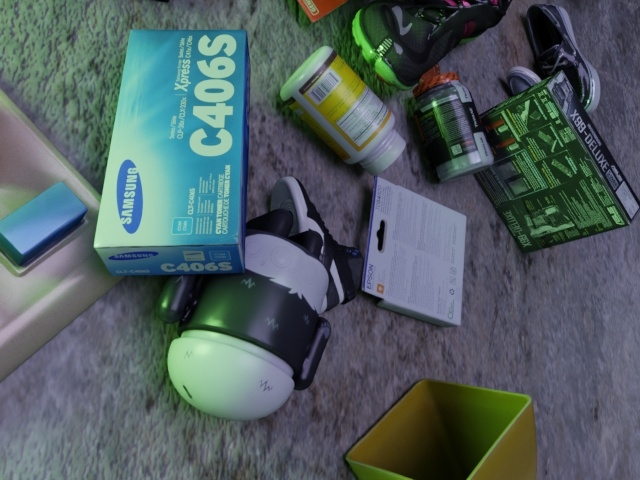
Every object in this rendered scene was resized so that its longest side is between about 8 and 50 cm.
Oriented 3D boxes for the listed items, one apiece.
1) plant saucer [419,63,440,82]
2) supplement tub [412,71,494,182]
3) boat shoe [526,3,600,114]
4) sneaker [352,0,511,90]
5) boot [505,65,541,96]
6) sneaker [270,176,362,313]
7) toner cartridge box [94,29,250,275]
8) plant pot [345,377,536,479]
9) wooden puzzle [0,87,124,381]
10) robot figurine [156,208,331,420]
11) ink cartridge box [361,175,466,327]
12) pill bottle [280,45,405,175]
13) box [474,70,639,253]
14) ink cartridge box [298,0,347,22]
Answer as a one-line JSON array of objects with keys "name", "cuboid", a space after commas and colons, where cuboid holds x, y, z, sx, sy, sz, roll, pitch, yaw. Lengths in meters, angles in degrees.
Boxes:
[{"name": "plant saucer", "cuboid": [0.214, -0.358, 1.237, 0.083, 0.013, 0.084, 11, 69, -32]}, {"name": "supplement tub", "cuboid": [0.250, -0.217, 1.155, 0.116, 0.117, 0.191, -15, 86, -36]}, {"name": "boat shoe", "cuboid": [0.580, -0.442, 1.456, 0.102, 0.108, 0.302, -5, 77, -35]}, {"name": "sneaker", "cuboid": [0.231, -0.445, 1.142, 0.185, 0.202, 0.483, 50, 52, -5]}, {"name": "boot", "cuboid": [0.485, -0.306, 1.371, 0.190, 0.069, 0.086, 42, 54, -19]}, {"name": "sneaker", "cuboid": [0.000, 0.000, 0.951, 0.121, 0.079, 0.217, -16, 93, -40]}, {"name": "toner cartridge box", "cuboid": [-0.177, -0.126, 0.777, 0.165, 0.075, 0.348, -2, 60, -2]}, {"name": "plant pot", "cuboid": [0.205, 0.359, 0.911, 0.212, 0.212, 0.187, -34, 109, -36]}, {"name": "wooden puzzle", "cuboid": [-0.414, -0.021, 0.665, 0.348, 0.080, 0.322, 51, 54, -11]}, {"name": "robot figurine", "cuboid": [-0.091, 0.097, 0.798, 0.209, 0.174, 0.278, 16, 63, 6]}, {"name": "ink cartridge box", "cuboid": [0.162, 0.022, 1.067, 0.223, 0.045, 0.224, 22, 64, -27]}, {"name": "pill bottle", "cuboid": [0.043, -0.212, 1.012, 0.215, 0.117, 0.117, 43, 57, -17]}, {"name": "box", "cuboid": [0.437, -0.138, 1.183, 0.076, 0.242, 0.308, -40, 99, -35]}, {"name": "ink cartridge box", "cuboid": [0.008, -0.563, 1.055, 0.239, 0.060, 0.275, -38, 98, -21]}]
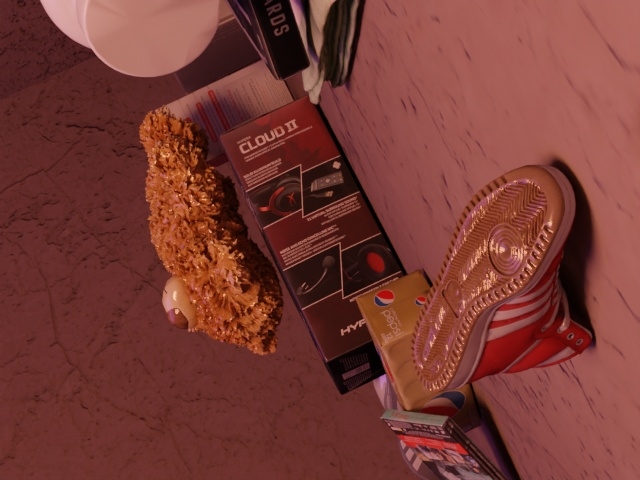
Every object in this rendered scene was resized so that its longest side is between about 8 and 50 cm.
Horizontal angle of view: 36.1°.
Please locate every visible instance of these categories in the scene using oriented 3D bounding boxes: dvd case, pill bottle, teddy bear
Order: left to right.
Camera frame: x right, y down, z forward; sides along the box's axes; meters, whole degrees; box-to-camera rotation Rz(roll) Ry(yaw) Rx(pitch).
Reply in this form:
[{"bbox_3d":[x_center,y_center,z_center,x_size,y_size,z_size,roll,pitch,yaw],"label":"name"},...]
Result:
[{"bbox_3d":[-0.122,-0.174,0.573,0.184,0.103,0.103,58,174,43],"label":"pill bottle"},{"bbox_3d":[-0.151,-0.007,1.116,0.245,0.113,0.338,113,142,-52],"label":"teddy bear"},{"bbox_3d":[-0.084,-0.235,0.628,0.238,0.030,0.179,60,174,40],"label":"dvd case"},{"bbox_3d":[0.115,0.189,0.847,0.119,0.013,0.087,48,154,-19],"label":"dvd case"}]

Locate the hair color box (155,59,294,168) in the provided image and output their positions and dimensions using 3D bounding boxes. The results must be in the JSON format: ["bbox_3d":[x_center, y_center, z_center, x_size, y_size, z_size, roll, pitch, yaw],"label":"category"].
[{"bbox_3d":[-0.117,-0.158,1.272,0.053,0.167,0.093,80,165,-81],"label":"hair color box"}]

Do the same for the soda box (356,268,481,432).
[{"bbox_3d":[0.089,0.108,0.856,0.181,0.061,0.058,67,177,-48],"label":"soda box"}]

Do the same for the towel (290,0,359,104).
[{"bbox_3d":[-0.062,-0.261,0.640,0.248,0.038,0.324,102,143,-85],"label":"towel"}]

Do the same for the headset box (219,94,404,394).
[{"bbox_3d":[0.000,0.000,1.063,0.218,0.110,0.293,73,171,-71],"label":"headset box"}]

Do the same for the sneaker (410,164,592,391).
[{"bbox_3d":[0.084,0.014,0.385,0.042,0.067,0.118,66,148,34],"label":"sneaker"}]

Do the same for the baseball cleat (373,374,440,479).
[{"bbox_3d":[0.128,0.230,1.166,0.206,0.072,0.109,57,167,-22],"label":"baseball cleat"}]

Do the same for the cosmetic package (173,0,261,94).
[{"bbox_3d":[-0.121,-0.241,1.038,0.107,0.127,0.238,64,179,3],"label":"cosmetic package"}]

...

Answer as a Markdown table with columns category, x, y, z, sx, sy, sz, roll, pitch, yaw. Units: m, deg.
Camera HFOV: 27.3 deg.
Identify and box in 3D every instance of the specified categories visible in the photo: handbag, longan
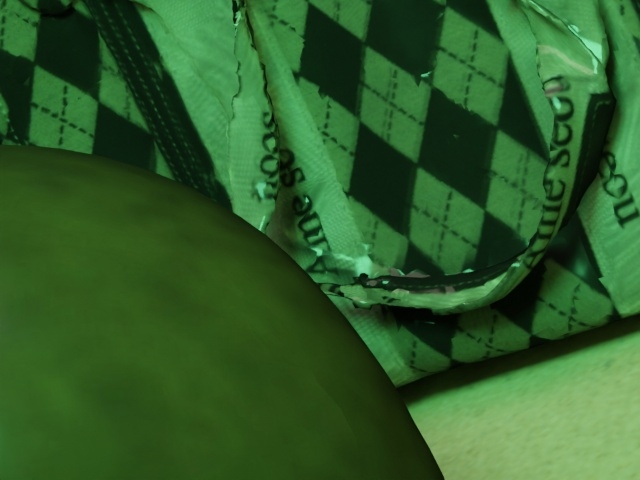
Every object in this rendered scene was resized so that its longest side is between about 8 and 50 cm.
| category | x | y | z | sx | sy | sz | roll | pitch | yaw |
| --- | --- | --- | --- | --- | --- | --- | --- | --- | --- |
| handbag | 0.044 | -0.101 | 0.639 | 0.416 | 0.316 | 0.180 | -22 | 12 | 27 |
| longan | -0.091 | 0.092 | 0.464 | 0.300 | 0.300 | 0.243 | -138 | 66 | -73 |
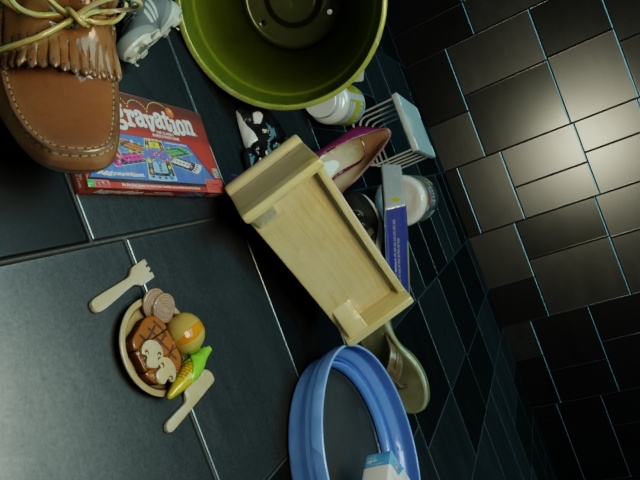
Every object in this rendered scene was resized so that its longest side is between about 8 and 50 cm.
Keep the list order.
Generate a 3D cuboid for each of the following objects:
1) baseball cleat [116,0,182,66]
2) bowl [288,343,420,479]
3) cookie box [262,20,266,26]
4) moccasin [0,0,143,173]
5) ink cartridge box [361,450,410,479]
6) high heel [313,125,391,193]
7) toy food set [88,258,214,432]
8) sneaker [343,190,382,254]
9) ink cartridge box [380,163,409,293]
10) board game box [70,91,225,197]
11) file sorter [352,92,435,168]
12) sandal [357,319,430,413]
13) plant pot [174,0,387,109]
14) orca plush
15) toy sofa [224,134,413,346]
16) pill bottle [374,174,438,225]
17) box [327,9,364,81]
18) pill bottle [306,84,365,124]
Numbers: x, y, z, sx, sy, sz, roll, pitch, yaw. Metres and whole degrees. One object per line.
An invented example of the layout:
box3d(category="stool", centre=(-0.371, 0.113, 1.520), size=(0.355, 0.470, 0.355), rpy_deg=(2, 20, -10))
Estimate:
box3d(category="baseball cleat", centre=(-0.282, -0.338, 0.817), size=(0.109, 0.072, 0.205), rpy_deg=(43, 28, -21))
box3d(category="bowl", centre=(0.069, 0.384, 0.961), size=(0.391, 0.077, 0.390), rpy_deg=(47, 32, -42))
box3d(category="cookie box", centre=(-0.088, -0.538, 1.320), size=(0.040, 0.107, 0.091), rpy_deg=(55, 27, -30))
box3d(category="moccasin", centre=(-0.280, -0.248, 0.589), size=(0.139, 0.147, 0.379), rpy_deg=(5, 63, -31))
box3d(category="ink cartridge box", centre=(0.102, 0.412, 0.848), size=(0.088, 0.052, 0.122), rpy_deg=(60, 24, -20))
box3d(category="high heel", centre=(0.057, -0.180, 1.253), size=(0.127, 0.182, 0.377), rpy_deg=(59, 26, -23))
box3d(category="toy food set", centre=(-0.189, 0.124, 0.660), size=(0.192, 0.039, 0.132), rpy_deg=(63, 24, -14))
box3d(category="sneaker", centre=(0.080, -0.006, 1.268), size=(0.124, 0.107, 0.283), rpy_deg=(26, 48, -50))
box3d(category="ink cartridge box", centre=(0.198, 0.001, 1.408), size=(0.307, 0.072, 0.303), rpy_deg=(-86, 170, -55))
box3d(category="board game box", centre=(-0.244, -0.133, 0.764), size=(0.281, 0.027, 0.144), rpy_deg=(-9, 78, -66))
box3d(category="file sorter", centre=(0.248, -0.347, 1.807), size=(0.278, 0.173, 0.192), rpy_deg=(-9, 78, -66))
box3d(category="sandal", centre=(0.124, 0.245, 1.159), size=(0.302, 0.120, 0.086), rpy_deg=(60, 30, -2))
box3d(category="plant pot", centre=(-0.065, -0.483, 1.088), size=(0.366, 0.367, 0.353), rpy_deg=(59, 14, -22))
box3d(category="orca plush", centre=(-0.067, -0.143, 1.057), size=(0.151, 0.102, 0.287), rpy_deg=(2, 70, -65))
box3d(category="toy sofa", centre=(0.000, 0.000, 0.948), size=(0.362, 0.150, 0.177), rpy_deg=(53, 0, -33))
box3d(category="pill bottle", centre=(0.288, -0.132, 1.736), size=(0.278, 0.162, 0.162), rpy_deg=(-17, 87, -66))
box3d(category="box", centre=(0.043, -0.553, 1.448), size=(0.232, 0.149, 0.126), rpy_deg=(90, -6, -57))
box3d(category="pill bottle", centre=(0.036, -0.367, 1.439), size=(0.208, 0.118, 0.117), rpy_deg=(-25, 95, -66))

### Exercise
Take the entries above and return only the lines from the one with "9) wooden puzzle [0,87,124,381]" to the one with "Answer as a one-line", both included, unchanged.

### Response to this exercise
9) wooden puzzle [0,87,124,381]
10) robot figurine [156,208,331,420]
11) ink cartridge box [361,175,466,327]
12) pill bottle [280,45,405,175]
13) box [474,70,639,253]
14) ink cartridge box [298,0,347,22]
Answer as a one-line JSON array of objects with keys "name", "cuboid", a space after commas and colons, where cuboid holds x, y, z, sx, sy, sz, roll, pitch, yaw. Lengths in meters, angles in degrees.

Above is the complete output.